> [Description of the task]:
Every line below that has "pitch" in it should be copied.

[Records from a data collection]
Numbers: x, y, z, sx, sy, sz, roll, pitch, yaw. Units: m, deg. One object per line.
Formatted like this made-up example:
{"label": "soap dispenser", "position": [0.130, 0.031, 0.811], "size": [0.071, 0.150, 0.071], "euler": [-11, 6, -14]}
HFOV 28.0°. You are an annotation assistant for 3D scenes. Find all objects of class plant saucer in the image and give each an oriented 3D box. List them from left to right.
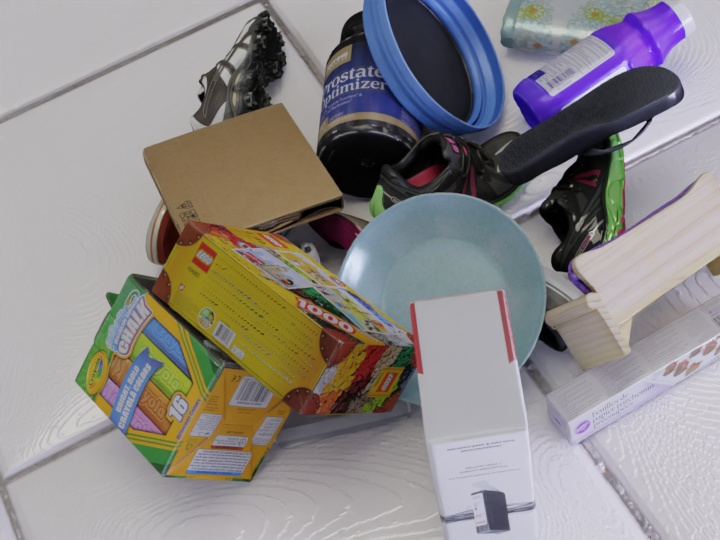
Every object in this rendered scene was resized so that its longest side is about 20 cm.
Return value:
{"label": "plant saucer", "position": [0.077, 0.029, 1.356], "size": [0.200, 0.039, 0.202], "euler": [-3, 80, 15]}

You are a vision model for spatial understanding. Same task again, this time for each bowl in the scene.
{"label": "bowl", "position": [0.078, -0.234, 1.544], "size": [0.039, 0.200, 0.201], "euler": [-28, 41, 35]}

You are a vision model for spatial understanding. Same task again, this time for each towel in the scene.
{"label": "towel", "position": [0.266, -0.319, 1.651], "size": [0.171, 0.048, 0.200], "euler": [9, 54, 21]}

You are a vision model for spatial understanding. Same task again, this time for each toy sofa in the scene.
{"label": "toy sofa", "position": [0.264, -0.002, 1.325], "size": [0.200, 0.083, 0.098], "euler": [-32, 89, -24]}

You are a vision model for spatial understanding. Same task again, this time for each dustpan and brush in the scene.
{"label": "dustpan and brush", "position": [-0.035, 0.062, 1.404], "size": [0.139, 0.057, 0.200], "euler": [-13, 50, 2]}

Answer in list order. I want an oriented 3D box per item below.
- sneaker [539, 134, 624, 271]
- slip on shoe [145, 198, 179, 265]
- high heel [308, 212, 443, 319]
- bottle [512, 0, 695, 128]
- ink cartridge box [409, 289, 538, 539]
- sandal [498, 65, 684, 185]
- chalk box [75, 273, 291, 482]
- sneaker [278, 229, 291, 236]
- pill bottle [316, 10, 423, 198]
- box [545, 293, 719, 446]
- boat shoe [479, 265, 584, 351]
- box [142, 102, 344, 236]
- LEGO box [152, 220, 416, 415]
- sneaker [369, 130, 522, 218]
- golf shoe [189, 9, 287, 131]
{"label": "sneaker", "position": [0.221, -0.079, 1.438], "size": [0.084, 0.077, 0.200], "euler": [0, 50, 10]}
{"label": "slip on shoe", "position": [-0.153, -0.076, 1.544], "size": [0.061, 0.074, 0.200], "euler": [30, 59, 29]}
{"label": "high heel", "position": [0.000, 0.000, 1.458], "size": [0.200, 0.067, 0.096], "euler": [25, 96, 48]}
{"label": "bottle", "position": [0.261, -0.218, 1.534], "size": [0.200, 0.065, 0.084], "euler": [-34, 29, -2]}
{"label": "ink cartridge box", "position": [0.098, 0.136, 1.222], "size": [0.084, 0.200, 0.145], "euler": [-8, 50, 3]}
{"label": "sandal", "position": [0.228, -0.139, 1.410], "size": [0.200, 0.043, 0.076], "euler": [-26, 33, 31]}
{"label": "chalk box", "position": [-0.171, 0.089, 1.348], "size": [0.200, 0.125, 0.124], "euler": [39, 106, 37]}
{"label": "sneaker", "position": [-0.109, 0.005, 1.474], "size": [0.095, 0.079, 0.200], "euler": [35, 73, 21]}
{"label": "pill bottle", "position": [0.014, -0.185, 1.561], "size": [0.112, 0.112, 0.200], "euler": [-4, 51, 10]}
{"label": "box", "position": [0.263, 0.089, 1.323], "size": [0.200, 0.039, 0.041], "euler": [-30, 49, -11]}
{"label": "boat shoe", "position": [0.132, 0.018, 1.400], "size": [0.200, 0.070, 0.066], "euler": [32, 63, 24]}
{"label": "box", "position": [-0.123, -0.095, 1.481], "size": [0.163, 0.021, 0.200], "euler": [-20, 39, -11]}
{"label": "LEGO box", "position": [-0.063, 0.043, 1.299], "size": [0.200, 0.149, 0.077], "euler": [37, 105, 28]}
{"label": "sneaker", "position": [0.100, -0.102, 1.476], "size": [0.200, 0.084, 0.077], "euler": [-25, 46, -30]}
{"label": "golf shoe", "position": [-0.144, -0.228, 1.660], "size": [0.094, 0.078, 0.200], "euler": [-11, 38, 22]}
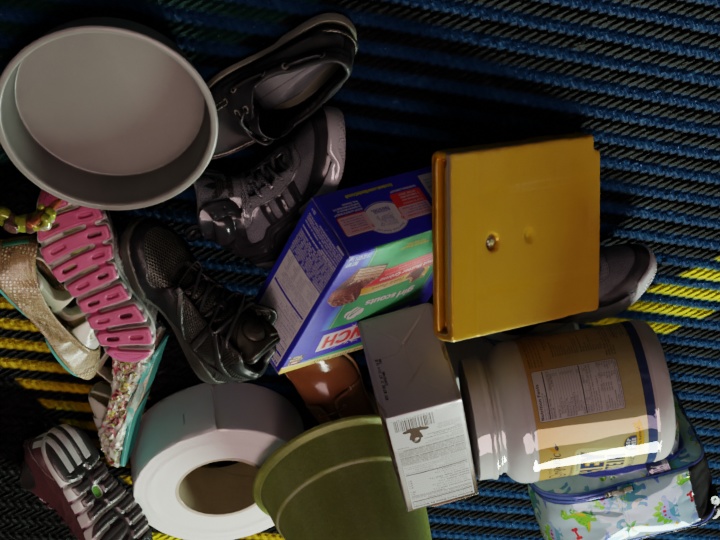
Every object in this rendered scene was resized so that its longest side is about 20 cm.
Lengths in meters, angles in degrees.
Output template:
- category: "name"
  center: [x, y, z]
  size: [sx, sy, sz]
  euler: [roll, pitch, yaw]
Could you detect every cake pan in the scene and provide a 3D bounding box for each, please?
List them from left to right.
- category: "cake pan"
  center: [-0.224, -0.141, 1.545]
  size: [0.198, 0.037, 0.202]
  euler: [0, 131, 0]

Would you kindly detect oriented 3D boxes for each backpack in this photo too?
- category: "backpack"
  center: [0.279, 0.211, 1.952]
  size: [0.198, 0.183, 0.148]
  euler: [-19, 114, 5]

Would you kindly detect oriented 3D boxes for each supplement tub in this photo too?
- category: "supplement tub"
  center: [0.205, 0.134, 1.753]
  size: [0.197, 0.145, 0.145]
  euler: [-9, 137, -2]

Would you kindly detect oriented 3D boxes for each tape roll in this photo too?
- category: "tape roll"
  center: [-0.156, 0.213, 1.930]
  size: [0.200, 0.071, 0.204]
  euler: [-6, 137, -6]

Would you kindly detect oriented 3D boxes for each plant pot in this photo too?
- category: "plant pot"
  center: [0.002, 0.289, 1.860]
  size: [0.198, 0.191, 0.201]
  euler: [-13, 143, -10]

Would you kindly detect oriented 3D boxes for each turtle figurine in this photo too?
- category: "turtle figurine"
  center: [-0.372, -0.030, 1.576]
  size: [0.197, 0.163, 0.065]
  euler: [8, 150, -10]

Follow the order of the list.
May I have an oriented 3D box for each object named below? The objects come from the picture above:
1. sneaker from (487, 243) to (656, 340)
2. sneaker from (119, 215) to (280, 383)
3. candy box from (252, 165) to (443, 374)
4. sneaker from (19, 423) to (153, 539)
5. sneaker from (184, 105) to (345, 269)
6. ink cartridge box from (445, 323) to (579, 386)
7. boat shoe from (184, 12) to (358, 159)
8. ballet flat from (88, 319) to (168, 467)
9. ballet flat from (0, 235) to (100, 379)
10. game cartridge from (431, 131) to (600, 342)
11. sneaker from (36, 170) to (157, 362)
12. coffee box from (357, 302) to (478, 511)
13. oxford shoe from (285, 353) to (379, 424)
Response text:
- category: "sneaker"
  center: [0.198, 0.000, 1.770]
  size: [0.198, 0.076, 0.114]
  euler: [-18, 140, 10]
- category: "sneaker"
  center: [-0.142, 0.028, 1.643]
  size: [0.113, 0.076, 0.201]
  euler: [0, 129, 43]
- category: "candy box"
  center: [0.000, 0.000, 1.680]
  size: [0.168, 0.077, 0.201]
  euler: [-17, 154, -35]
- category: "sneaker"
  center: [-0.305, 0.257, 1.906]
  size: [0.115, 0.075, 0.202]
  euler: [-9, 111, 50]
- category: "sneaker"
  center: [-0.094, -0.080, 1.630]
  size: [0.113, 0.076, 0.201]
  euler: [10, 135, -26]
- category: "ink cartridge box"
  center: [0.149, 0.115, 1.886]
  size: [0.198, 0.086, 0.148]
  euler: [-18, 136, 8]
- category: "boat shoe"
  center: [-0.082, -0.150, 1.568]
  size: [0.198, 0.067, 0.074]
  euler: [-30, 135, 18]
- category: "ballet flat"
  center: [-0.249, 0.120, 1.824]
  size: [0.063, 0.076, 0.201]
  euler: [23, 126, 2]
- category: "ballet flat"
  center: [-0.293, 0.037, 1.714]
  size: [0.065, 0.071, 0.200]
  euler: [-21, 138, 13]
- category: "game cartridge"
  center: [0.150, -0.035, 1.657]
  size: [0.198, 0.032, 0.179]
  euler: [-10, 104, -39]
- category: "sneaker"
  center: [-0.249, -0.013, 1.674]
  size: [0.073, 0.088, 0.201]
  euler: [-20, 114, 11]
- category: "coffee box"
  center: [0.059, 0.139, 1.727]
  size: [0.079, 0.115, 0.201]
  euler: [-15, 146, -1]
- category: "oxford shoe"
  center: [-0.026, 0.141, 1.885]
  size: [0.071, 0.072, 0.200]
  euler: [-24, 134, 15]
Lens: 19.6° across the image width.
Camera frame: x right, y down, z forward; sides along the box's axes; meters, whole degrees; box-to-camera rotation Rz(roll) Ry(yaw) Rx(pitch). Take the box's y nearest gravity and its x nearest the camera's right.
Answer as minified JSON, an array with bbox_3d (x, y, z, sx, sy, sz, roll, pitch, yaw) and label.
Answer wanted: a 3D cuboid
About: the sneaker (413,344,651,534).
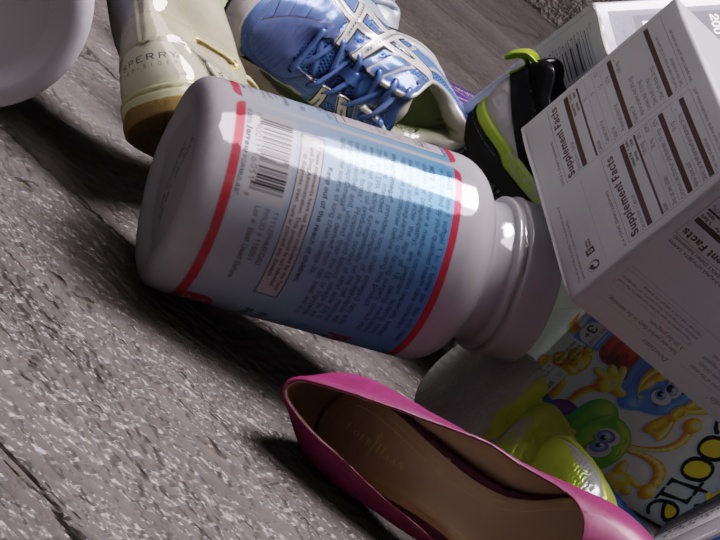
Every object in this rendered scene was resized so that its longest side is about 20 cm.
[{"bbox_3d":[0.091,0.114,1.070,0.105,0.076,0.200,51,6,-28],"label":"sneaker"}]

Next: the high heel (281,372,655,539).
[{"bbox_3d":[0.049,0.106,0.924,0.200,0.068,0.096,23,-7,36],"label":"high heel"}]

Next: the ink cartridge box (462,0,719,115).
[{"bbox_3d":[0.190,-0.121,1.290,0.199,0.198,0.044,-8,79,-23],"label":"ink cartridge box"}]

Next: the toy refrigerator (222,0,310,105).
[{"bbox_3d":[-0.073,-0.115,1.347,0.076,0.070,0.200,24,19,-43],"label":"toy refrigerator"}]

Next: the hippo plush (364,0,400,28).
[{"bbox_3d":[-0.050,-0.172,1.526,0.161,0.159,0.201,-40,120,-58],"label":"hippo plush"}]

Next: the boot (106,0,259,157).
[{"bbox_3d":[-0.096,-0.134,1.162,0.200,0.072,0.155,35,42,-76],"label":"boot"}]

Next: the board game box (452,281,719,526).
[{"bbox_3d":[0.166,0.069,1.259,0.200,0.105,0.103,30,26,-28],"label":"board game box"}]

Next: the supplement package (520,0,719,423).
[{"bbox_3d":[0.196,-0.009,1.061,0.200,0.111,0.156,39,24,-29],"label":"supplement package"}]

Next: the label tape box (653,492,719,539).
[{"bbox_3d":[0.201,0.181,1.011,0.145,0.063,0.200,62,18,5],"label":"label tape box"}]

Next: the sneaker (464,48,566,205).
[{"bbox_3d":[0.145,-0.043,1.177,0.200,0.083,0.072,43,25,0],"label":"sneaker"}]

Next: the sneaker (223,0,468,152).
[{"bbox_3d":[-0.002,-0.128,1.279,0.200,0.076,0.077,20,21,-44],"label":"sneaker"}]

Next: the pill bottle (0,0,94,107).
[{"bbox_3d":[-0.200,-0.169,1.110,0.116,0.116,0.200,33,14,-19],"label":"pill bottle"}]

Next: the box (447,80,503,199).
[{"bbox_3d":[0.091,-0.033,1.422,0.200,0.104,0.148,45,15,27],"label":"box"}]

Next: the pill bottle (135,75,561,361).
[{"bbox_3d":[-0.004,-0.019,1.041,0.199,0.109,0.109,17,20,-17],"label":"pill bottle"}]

> [Reply to the task]:
Numbers: x, y, z, sx, sy, sz, roll, pitch, yaw. Units: m, deg. One object per line.
  euler: [roll, pitch, yaw]
Camera frame: x right, y down, z forward; sides along the box's axes; meters, whole degrees; box-to-camera rotation Rz(roll) Ry(yaw) Rx(pitch). Take the box's y nearest gravity and its x nearest the camera's right.
Answer as minified JSON, an array with bbox_3d (x, y, z, sx, sy, sz, roll, pitch, yaw) and label.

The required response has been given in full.